SECURITIES AND EXCHANGE COMMISSION
WASHINGTON, D.C. 20549
FORM 8-K
CURRENT REPORT
PURSUANT TO SECTION 13 OR 15(d) OF THE
SECURITIES EXCHANGE ACT OF 1934
Date of Report (Date of earliest event reported)
January 21, 2022
Evolving Systems, Inc.
(Exact name of registrant as specified in its charter)
Delaware (State or other jurisdiction of incorporation) | 001-34261 (Commission File Number) | 84-1010843 (I.R.S. Employer Identification No.) |
| 9800 Pyramid Court, Suite 400, Englewood, Colorado 80112 | |
| (Address of principal executive offices) | |
Registrant's telephone number, including area code: (303) 802-1000
(Former name or former address, if changed since last report.)
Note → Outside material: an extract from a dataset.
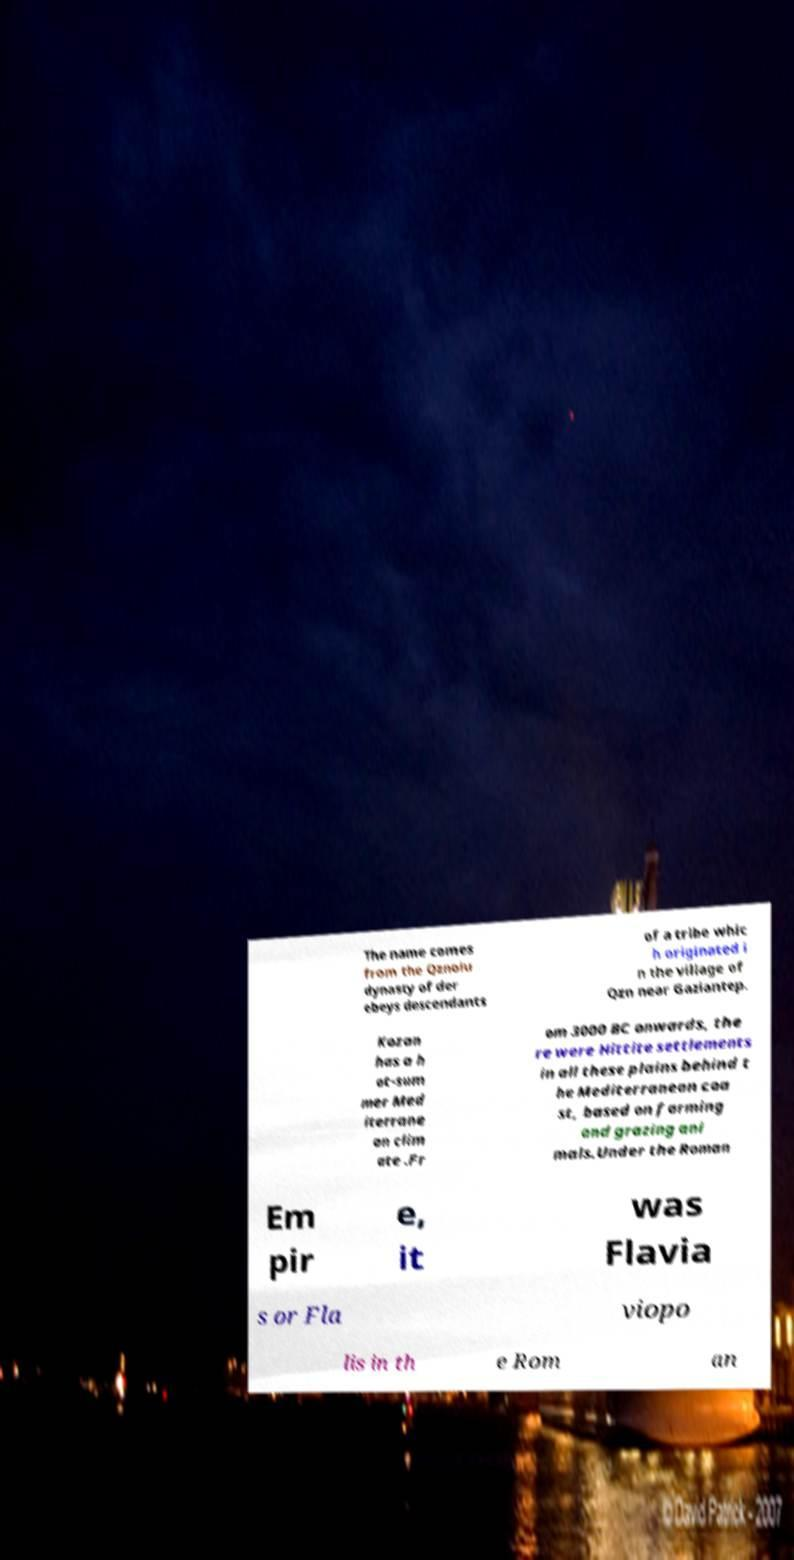Could you extract and type out the text from this image? The name comes from the Qznolu dynasty of der ebeys descendants of a tribe whic h originated i n the village of Qzn near Gaziantep. Kozan has a h ot-sum mer Med iterrane an clim ate .Fr om 3000 BC onwards, the re were Hittite settlements in all these plains behind t he Mediterranean coa st, based on farming and grazing ani mals.Under the Roman Em pir e, it was Flavia s or Fla viopo lis in th e Rom an

Check the appropriate box below if the Form 8-K filing is intended to simultaneously satisfy the filing obligation of the registrant under any of the following provisions:
| ¨ | Written communications pursuant to Rule 425 under the Securities Act (17 CFR 230.425) |
| ¨ | Soliciting material pursuant to Rule 14a-12 under the Exchange Act (17 CFR 240.14a-12) |
| ¨ | Pre-commencement communications pursuant to Rule 14d-2(b) under the Exchange Act (17 CFR 240.14d-2(b)) |
| ¨ | Pre-commencement communications pursuant to Rule 13e-4(c) under the Exchange Act (17 CFR 240.13e-4(c)) |
Securities registered pursuant to Section 12(b) of the Act:
Title of each class | | Trading Symbol(s) | | Name of each exchange on which registered |
Common Stock, par value $0.001 per share | | EVOL | | Nasdaq Capital Market |
Indicate by check mark whether the registrant is an emerging growth company as defined in Rule 405 of the Securities Act of 1933 (§230.405 of this chapter) or Rule 12b-2 of the Securities Exchange Act of 1934 (§240.12b-2 of this chapter).
Emerging growth company ¨
If an emerging growth company, indicate by check mark if the registrant has elected not to use the extended transition period for complying with any new or revised financial accounting standards provided pursuant to Section 13(a) of the Exchange Act. ¨
| ITEM 1.01 | Entry into a Material Definitive Agreement |
Entry into Management Agreement with CIDM II LLC
On January 21, 2022, the Company entered into a Management Agreement (the “Management Agreement”) with CIDM II LLC (the “Manager”). Any capitalized terms not defined herein shall have the meaning ascribed to them in the Management Agreement.
Scope of Management
Pursuant to the Management Agreement, the Manager will, subject to the oversight of the Company’s Board of Directors (the “Board”) and the Investment Committee of the Board and the parameters set forth in the Company’s investment policy (the “Investment Policy”), (i) provide the Company with advisory services with respect to the management and allocation of the Assets (as defined therein) of the Company and its subsidiaries and (ii) exercise discretionary management authority over the Company’s trading portfolio of publicly traded securities.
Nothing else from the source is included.